И поэтому я начал писать письмо отцу, урывками его дополняя все четыре беспорядочных года, что провел в колледже. Предполагалось, что письмо он найдет после моей смерти, и цель первоначально сводилась к тому, чтобы оповестить его о том, что мне сказал доктор Джон Фрисби, обследовав сердце. Однако эта цель, хотя я не упускал ее из виду, вскоре оказалась подчинена другой, более сложной: я стал всматриваться в самого себя, стараясь понять, отчего между мною и отцом нет полного понимания. Я тщательно воссоздавал в памяти и обдумывал всю свою жизнь, отбирая из нее те эпизоды, о которых надо сказать в письме, а другие отбрасывая. Не меньше месяца ушло у меня на то, что я пытался объяснить отцу, отчего так и не достроил лодку, стоявшую у нас на дворе. Более года потребовалось на выяснение, что меня побуждало к слезливому братанию с сержантом-немцем (понимание между нами, какая жалость, оказалось тоже неполным), а также что в моей жизни значил некий звук вроде легкого хлопка. Само собой, возился я с этим письмом лишь от случая к случаю, и за месяц выходило примерно двадцать листов заметок да страничка текста - редко больше. Ко времени, когда я очутился в Школе права, письмо разрослось страниц до пятидесяти или около того, а заметки я сложил во внушительного вида папку. Я, подавляя стыд, не умолчал и о Бетти Джун Гантер, хотя теперь-то вижу, что те ранние попытки объяснить нашу с нею связь были мелковаты. С особым усердием трудился я над письмом с 1925 года по 27-й, в первые свои добродетельные годы.

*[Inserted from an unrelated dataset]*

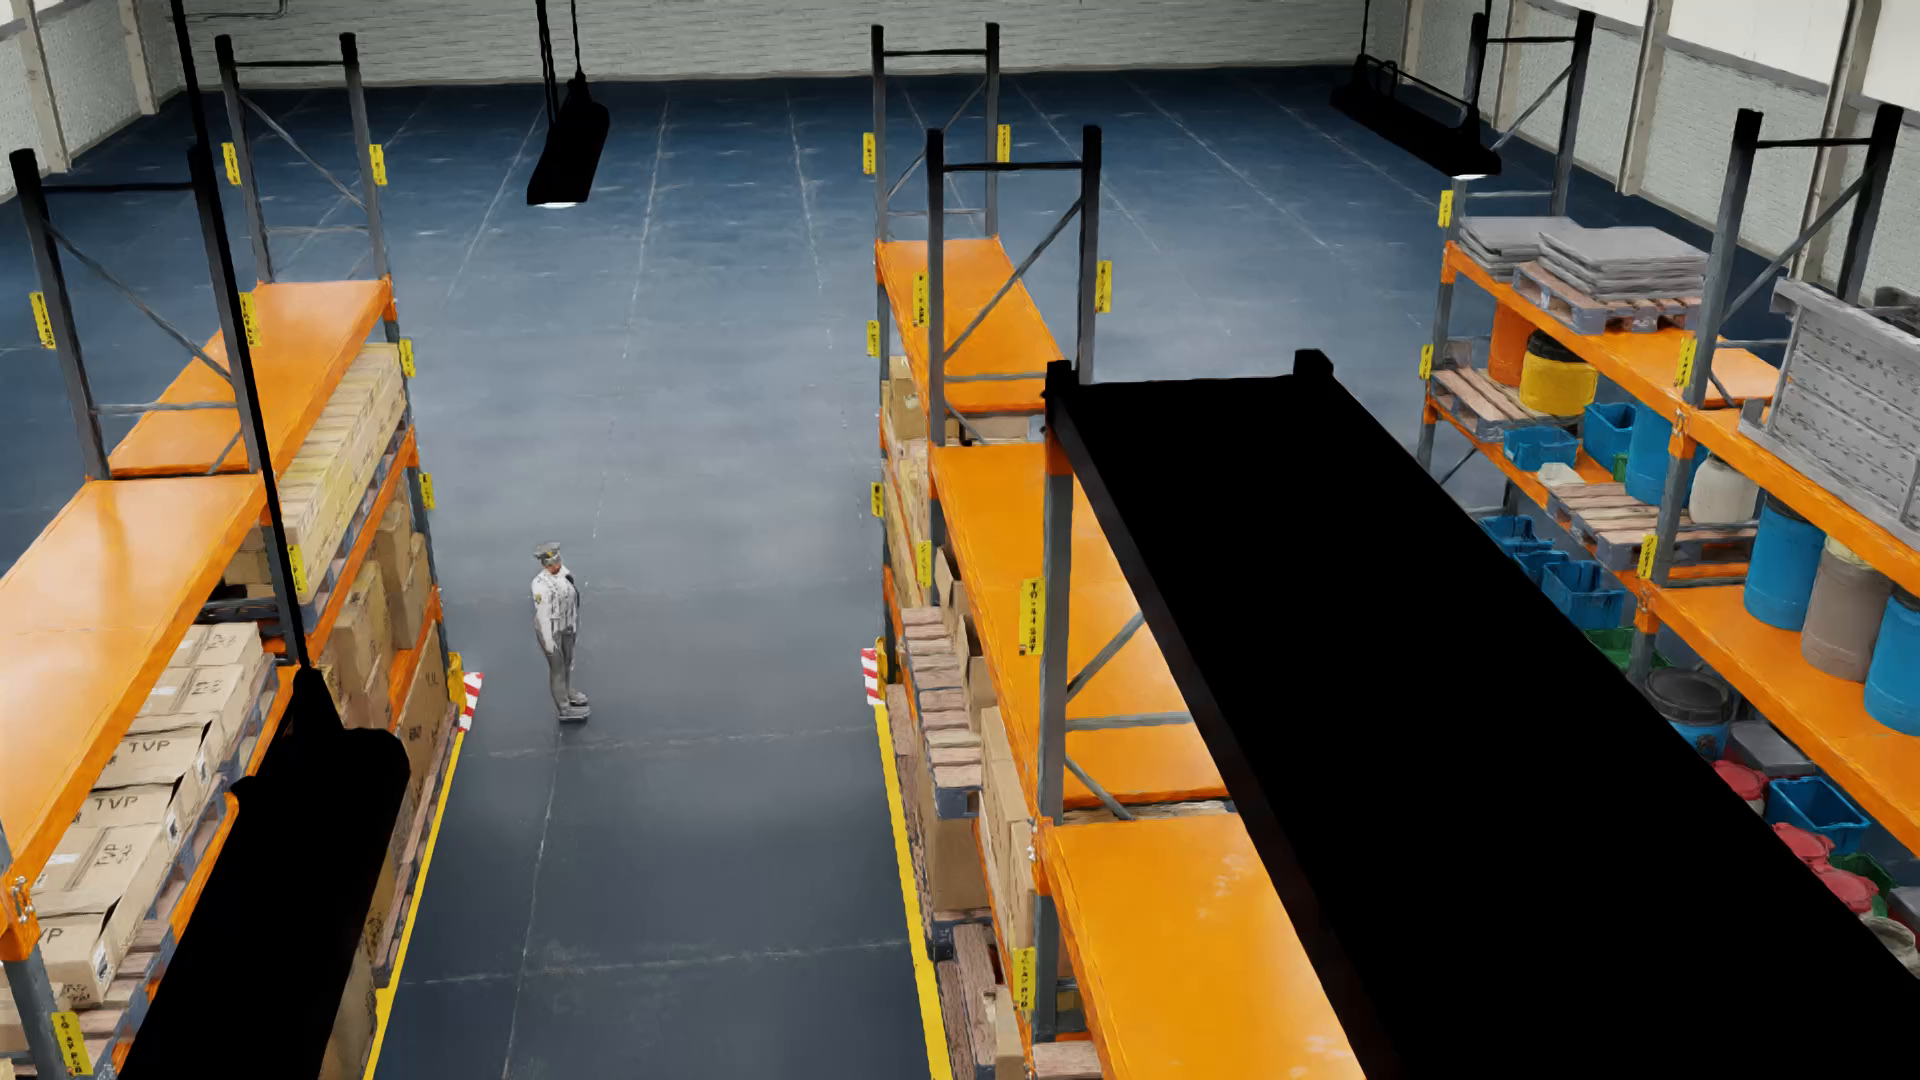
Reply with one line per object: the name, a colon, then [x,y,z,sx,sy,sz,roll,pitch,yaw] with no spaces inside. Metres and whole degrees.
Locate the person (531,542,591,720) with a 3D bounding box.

В 27-м я начал практиковать в Кембридже, а письмо с заметками убрал в чемодан. Я съехался с отцом и, к огромному для себя облегчению, почувствовал - или мне показалось, что почувствовал, - что мы с ним стали близки, как никогда прежде. Он временами по-прежнему ворчал, а то впадал в болтливость, но у меня появилось чувство, что хоть в чем-то начинаю его понимать; во всяком случае, появилась надежда, что понимание между нами уже не такое неполное, и, проникшись этой надеждой, я бросил свое письмо. Видите ли, я всегда считал, что понимание остается неполным по моей вине, и мне подумалось: вот повзрослею (хотя мне и в ту пору было уже двадцать семь) - и все трудности между нами исчезнут.
Но отец повесился, и день за днем я, напрягая память, так что какой-то раскаленный шар начинал перед глазами раскачиваться, все равно ничего не отыскивал такого, что могло бы послужить объяснением. Тогда я понял, что с 20-го года напрасно трачу силы на задачу невыполнимую, ведь, чтобы понять, отчего понимание неполное, надо совершенно точно себе представлять, что за люди те, между кем оно должно бы стать полным, а я пытаюсь понять лишь одного себя. Когда я переезжал в отель "Дорсет", выплыли на свет письмо и заметки, - письмо я положил себе на стол, заметки сунул в пустой кофр (ящики из-под персиков пошли в дело позже) и снова принялся за свое послание. Мне сразу стало понятно, что теперь надо приступить к расследованию обстоятельств жизни отца, чтобы выяснилась его роль в неполноте понимания между нами, а вместе с тем я ощутил и необходимость особого, специального расследования обстоятельств, сопутствовавших его смерти, поскольку такое расследование позволит как-то выстроить все остальное (ведь, не объяснив самоубийства, нельзя объяснить ничего), а также, возможно, отыскать некий ключ (ибо, если мне удастся постичь тайну его смерти, вся проблема, глядишь, получит какое-то решение). Так вот были начаты оба свода моих "Размышлений", хотя с ними не прекратилась работа ни над письмом, ни над заметками о мне самом.